Of course he will come, of course he will. Only this information is of interest to the investor, not to the speculator.
Yes, I got a little carried away here. There is a notion of a posteriori probability. I wanted to emphasize that all the same quotes are not accidental, especially - past ones, but I formulated it incorrectly.
Well, I am not pretending, just for the purity of my thoughts.
And one should not try to predict the next broker's deed (change of the filter, the stop loss campaign, etc.), but the change of the real rate.
And the broker, no matter how you look at it, will come to it. Sooner or later, but it will come.
Stop telling everyone my secrets! :)
Well, yes, Andrew, you're right. But no one knows the real exchange rate, except maybe Bernanke (unlikely). My trading robot does not want to get into the maze of FA, and that's why all I have are quotes of this broker. That's what we do, we predict the antics of our brokerage company... Isn't it so?
Well, of course he will, where will he go? Only this information is interesting for the investor, not for the speculator.
It is important where the price goes. Practically, you can win with simple strategies, yes practically by playing orgy and entering the market on a coin.
I was a little wrong in my expression. If it's a discrete series of +-1 pips, then it's more accurate, the output of the filter gives an estimate, i.e. the result is in fractions of a pip.
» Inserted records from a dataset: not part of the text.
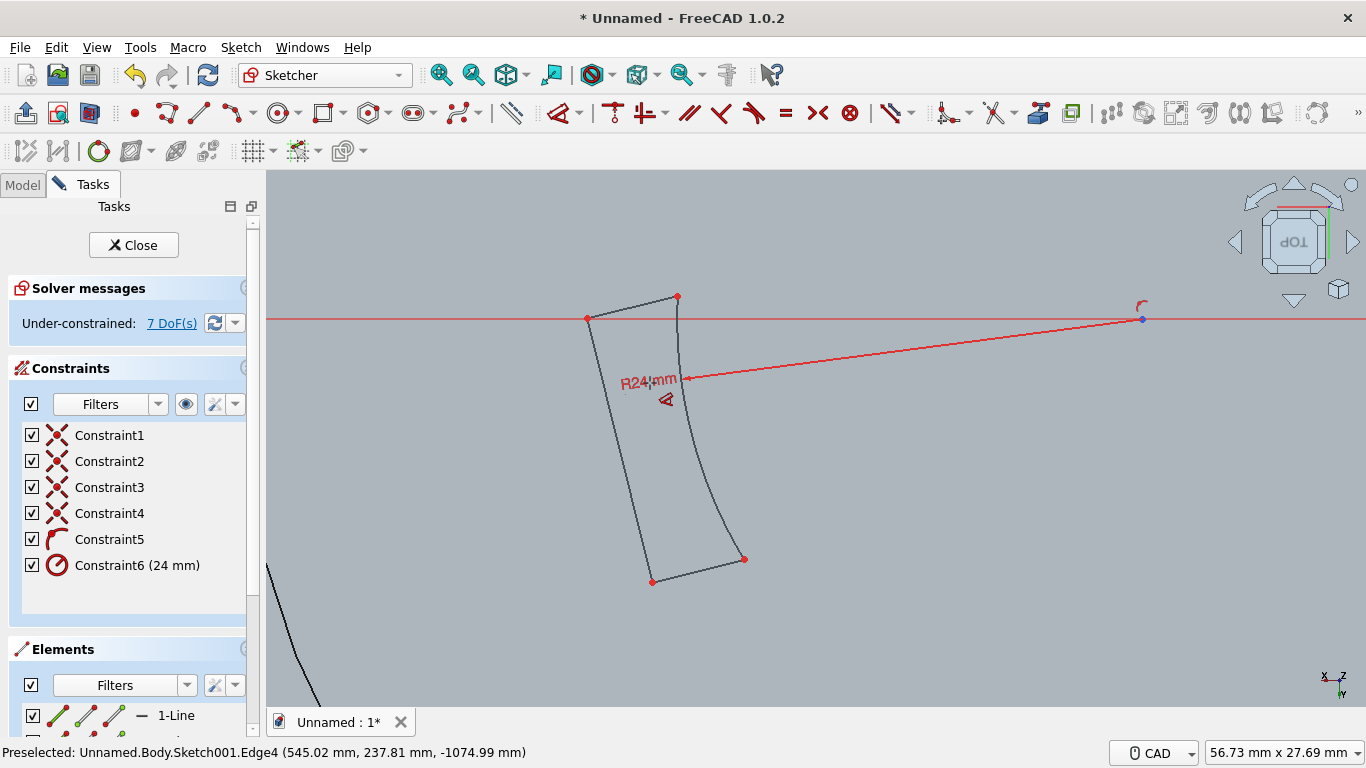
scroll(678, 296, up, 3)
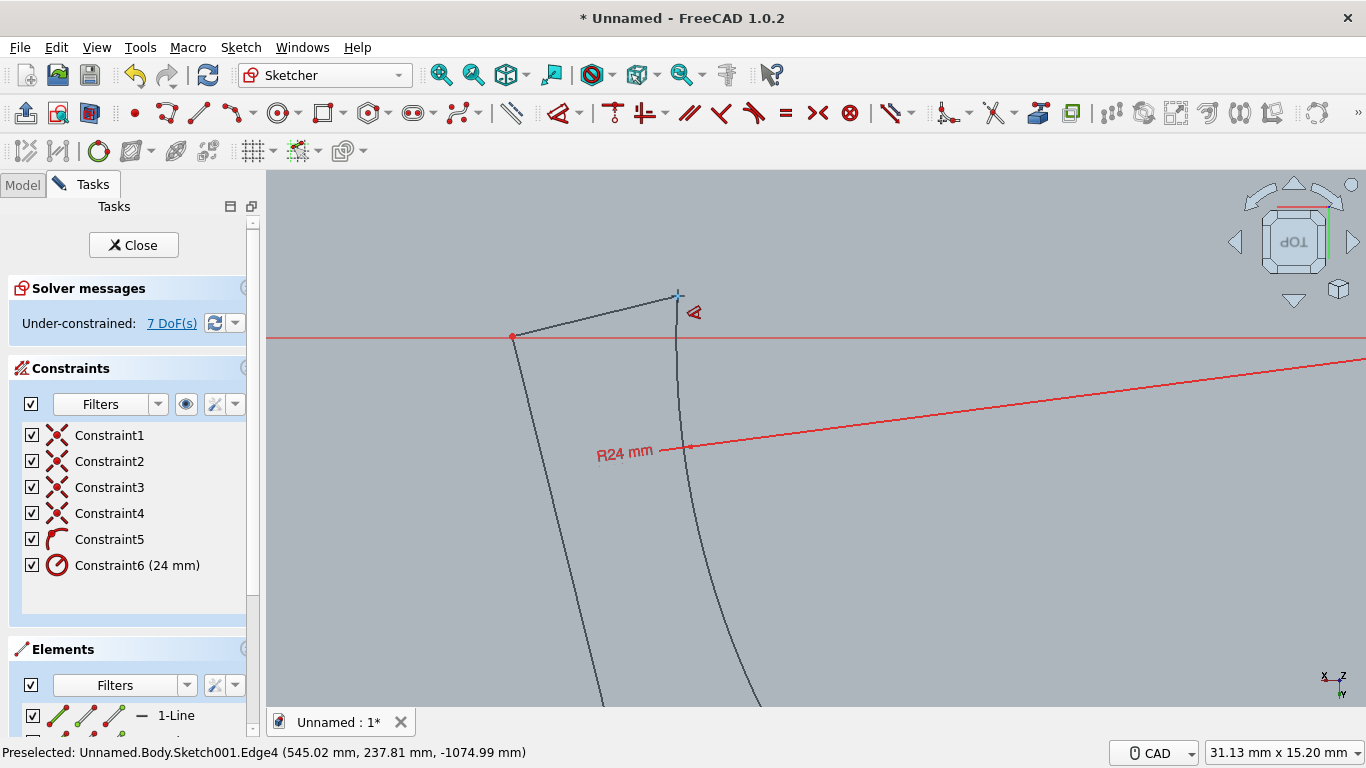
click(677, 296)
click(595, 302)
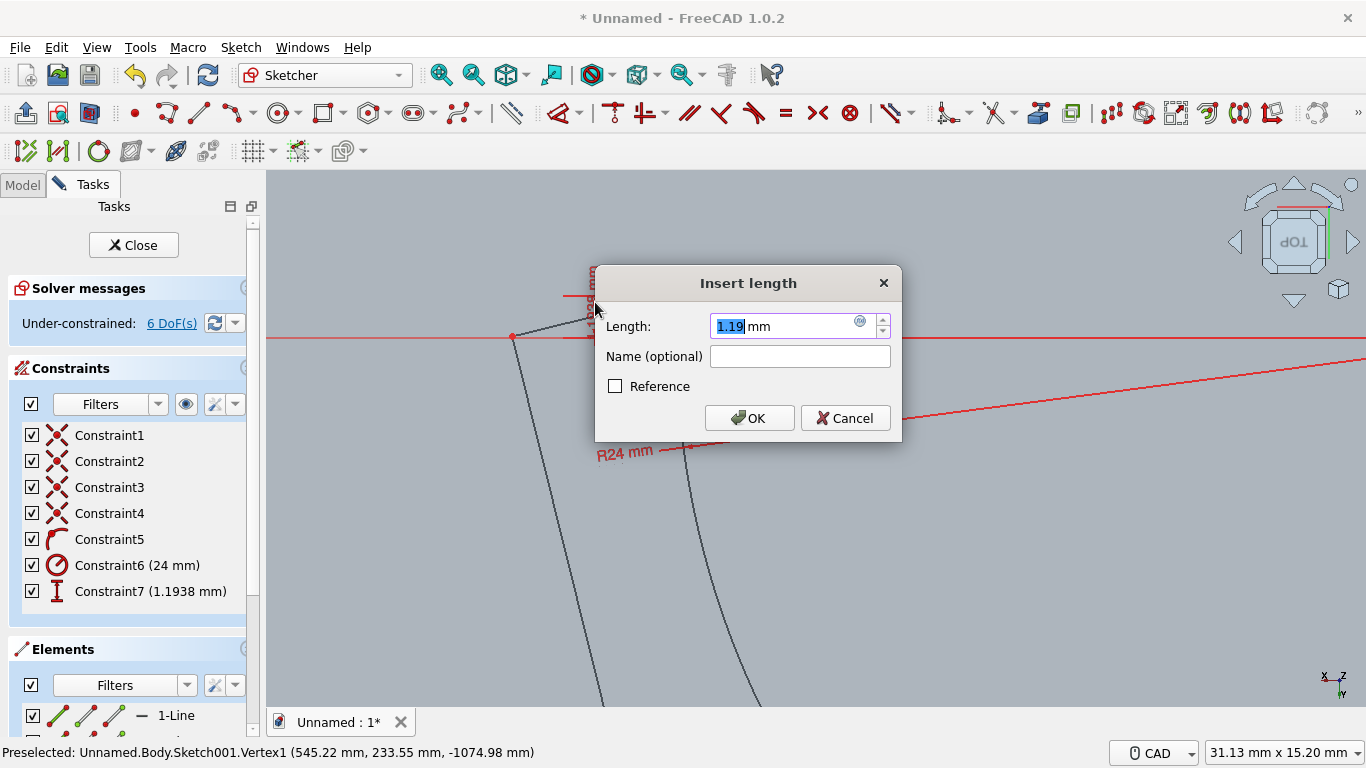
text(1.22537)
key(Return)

That is, you managed to describe the input signal so precisely that it nearly coincided with the initial one?
If you knew the source :-), you could say something. It's a question of checking the adequacy. And how to check it, I don't know. Suppose we take two models. The first one is say a Wiener process. The second one is my model. How to know whose model is better (more adequate). I have already tried the mathematician, he says he does not know. The North Wind may give you some advice. At least read a book on adequacy testing, preferably with pictures (to be clearer). You said something about demolition, maybe there is a test.
Mathematics has no direct answer to this question. At least I haven't found it in this formulation. It does not mean that others cannot try and may be more lucky. There are of course methods of evaluating adequacy, but they are not suitable for prices. The only criterion is regular profit.
Prival, here's another example in pictures. Look at the quotes from one of the DCs:
It is true that the picture is "polluted" by graphics, but still you can see how ugly it is. And here are the quotes of another (respectable) brokerage company about the same period:
The right side of the charts is about the same time. Now tell me: what confidence intervals we can talk about with such a difference in quotes? By what criterion are you going to choose "decent" DCs?
P.S. It is possible that there is a time shift, which I have not considered, but it is obvious that the top picture is a complete bred safe cable.